**TASK TO CARRY OUT**.
Go through the entries below and copy every line that holds the word "object".

**ENTRIES PROVIDED**.
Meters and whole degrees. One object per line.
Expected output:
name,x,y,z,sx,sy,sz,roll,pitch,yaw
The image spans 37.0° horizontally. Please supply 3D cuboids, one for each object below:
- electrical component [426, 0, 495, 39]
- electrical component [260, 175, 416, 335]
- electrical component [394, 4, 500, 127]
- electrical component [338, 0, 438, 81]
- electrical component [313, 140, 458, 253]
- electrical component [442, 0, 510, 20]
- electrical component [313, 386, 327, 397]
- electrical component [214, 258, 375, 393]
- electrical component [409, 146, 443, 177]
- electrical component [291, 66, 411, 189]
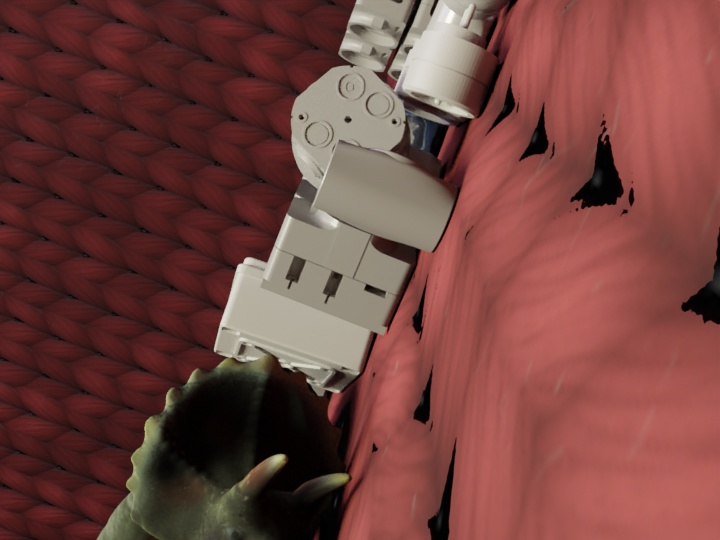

--

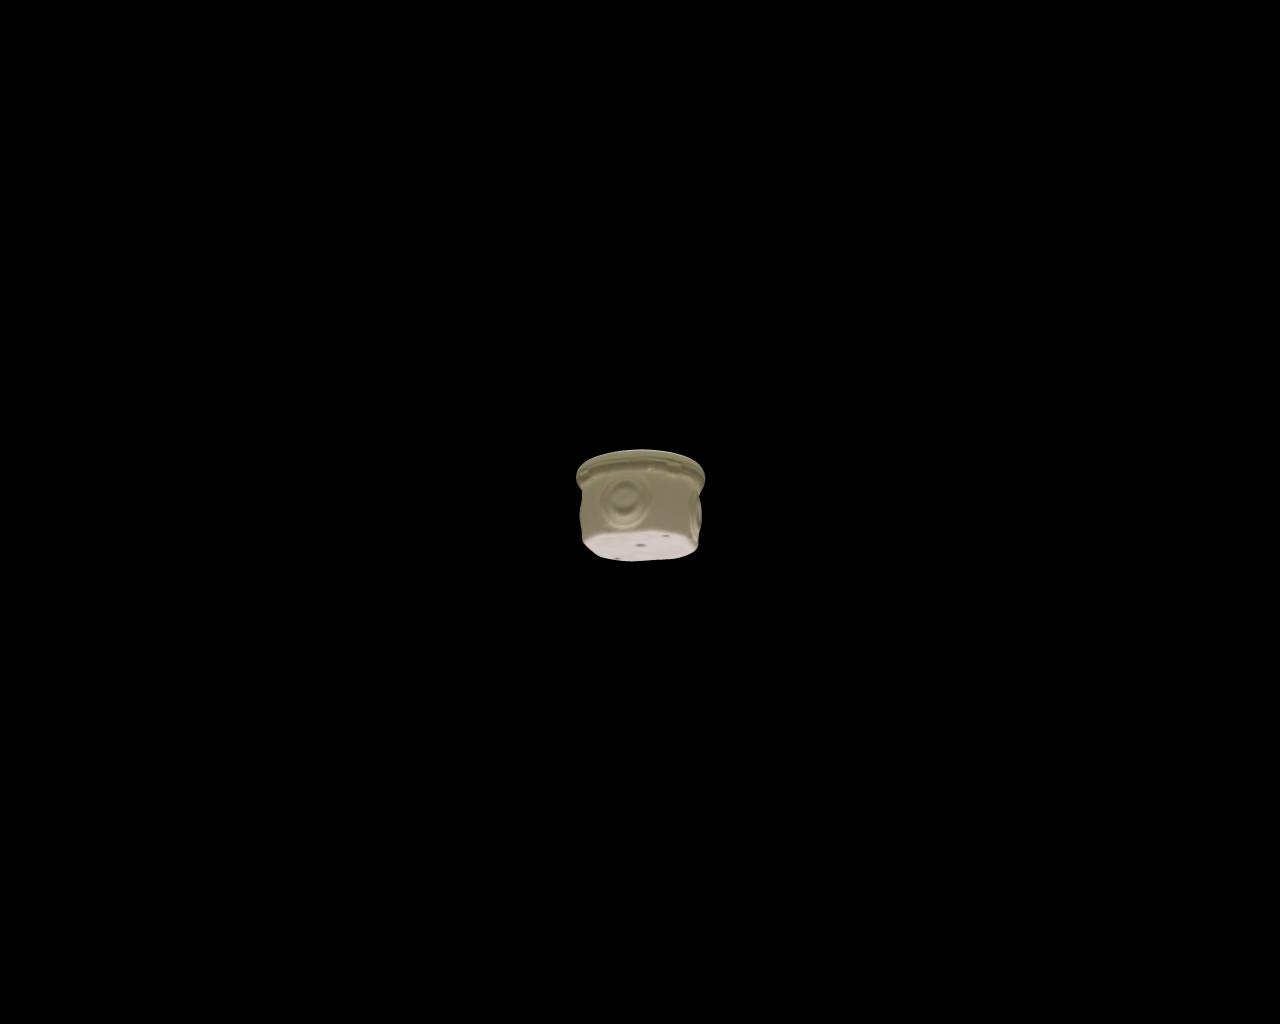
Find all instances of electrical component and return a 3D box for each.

**WRITTEN SOLUTION**.
Meters and whole degrees. One object per line.
The image spans 37.0° horizontally. Please supply 3D cuboids, one for each object below:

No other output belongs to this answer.